At the time of the publication of this paper, the Swedish Cultural Canon had been made public. From the perspective of my project, which relies on a broad dataset, the canon’s “image and form” list would constitute a rather small sample, given it consists of only ten artworks. Yet it might be relevant to mention that a few of the works in my training dataset for the “Encoding Culture” project do coincide with items in the proposed canon.[21]

Through a Different Lens: The Swedish Cultural Canon as Dataset

It is worth noting that the idea of a canon is not new; it has long served as a means of imposing order on cultural expressions, setting boundaries on what is deemed acceptable or valuable. Once established, however, a canon becomes the central reference point that all subsequent cultural interpretations could end up gravitating towards or against. The fact is that the Swedish approach echoes similar initiatives in other countries. Denmark’s cultural canon, for example, was published as a book—a static record that, while authoritative, lacks the flexibility to accommodate new discoveries, such as the posthumous recognition of an obscure painter’s work.[22] In contrast, the Netherlands opted for an interactive website, allowing for continual updates and a broader representation of cultural narratives, including those from its former colonies.[23] Latvia offers yet another model, with an interactive map that invites users to explore regional art samples, thereby engaging the public in a more immersive and exploratory manner. For Maija Burima, the canon would have two meanings: first, as “a collection of high quality, significant, influential, authoritative works” and then it could be understood as a set of “regulations or methods (…) Belonging to the canon “is a guarantee of quality, and that guarantee of high aesthetic quality serves as a promise”[24]

Central to the debate is the question of what exactly a cultural canon represents. Historically, the term “canon” dates back to classical Greek culture, when it signified a standard or rule—literally meaning a “rod” used for measurement.

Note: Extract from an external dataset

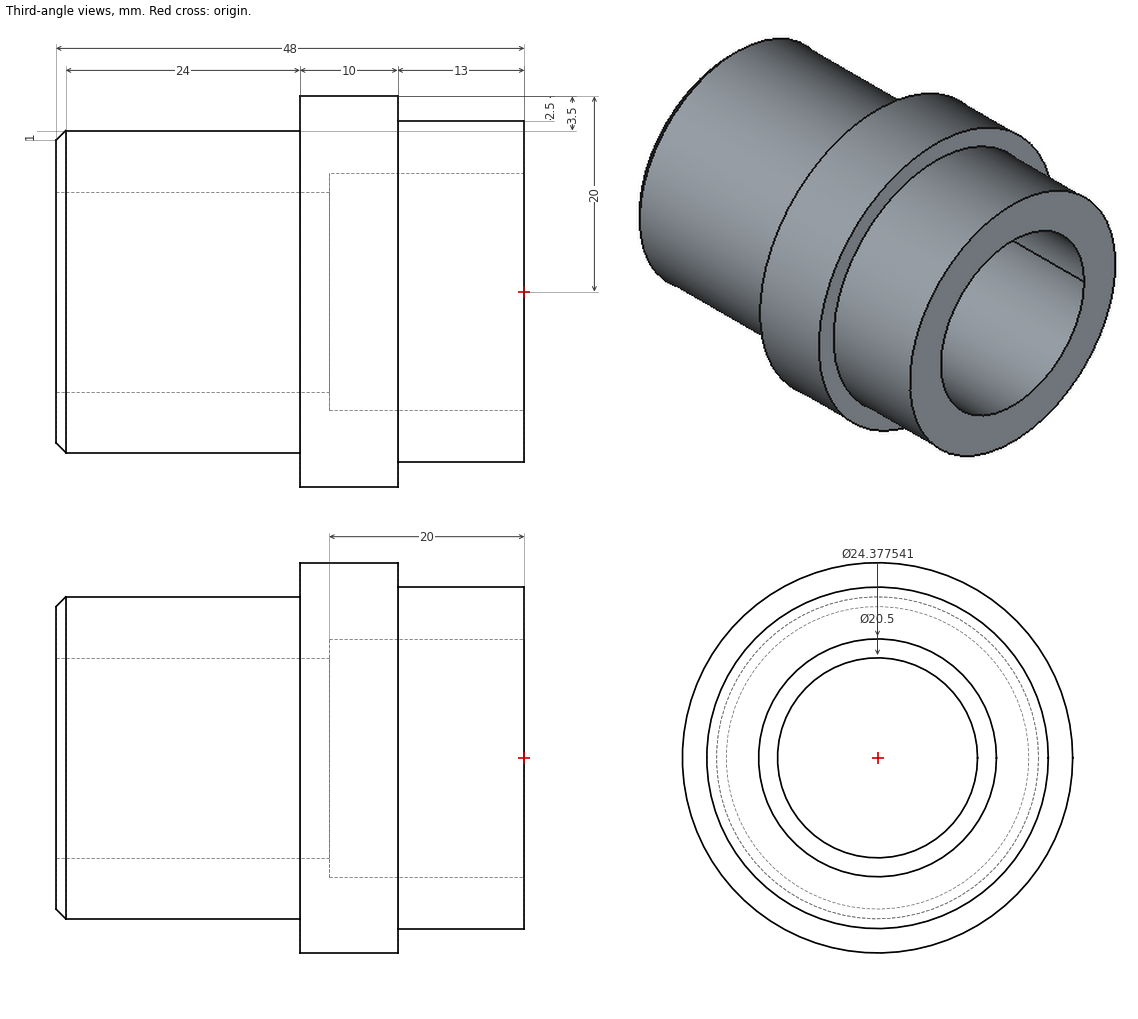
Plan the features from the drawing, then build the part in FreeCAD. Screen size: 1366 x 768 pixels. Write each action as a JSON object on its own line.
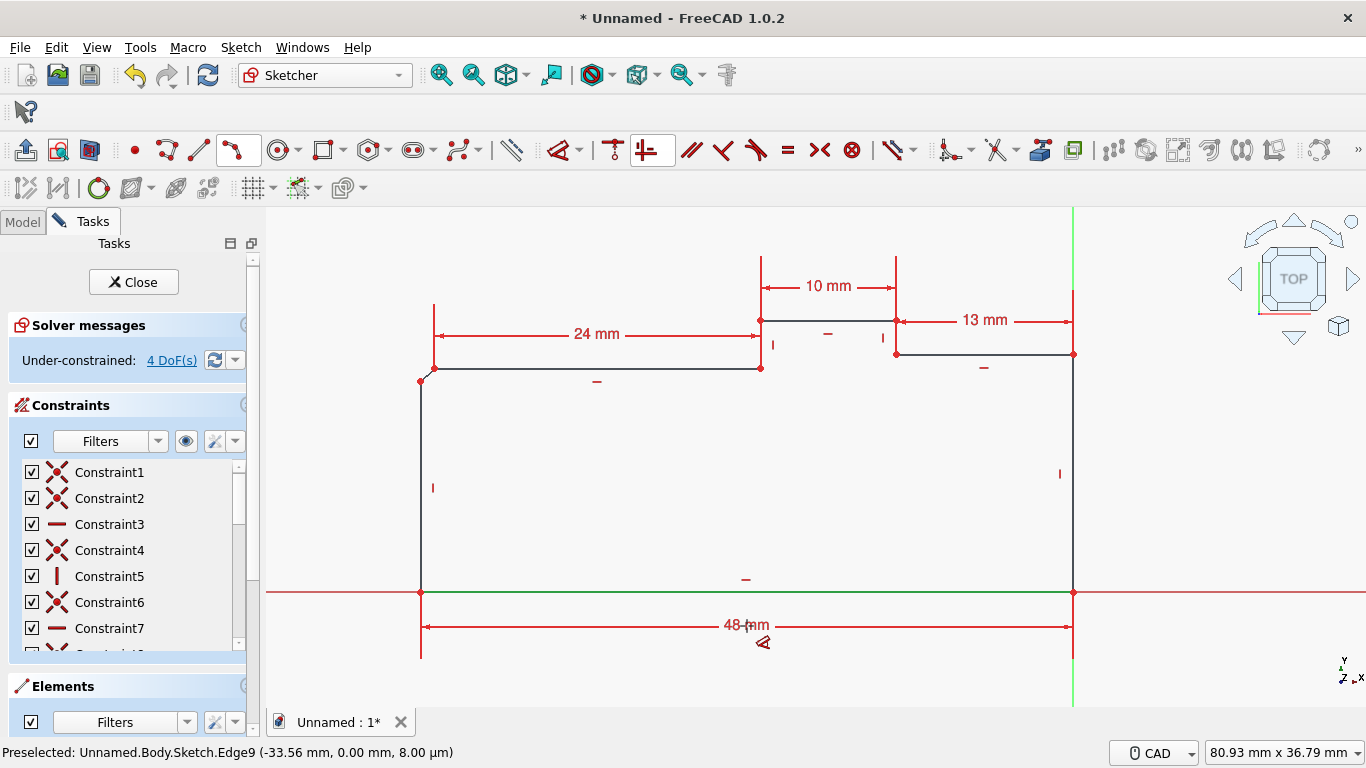
{"action": "scroll", "coordinate": [428, 376], "scroll_direction": "up", "scroll_amount": 6}

Polyclitus’s treatise on ideal human proportions is a prime example: it set forth a standard that influenced how art was taught and understood for centuries. As George Kennedy has argued, the formation of a canon is an inherent human impulse—a way to distil a multiplicity of options into a coherent, preserved tradition.[25] Mike Fleming expands on this, noting that beyond it originally denoting a measuring rod, it has evolved into an authoritative list that guides cultural judgement.[26] A canon, therefore, is not simply an assemblage of works; it is a structure built upon specific rules and values that determine what is worthy of preservation. One could say that it becomes the standard incarnated, the model to use as reference, as happened with Polyclitus’s sculpture, whose measurements are still used as if it were the mould for how to draw humans in art schools.[27] This is why establishing a canon in art means setting a framework within which cultural identity is both defined and contested—where all throughout modernity this model has been reformulated and distorted, hence the controversy.

Meanwhile, a dataset is a structured collection of data—images, text or numbers—organised for analysis, training or reference by computational systems, especially in machine-learning contexts. The data is selected depending on the desired learning outcomes. In this sense, gathering such data is like making a collection of samples—of say, artworks that represent a culture. Understood as such, my approach is not necessarily meant as a direct critique of the Swedish Cultural Canon initiative. Rather, it is an exploration of how such a canon might be reimagined—not as a static, prescriptive list, but as a dynamic model that reflects the evolving nature of culture itself. Yet acknowledging all the issues that come with the attempt to parametrise culture, when a canon is understood as the implementation of a set of rules, it becomes a framework that dictates what is permissible and what is not, establishing boundaries within which culture is shaped: a defined region of expression that leaves little room for deviation. When we consider AI models in this context, it raises the pertinent question what exactly is an AI model?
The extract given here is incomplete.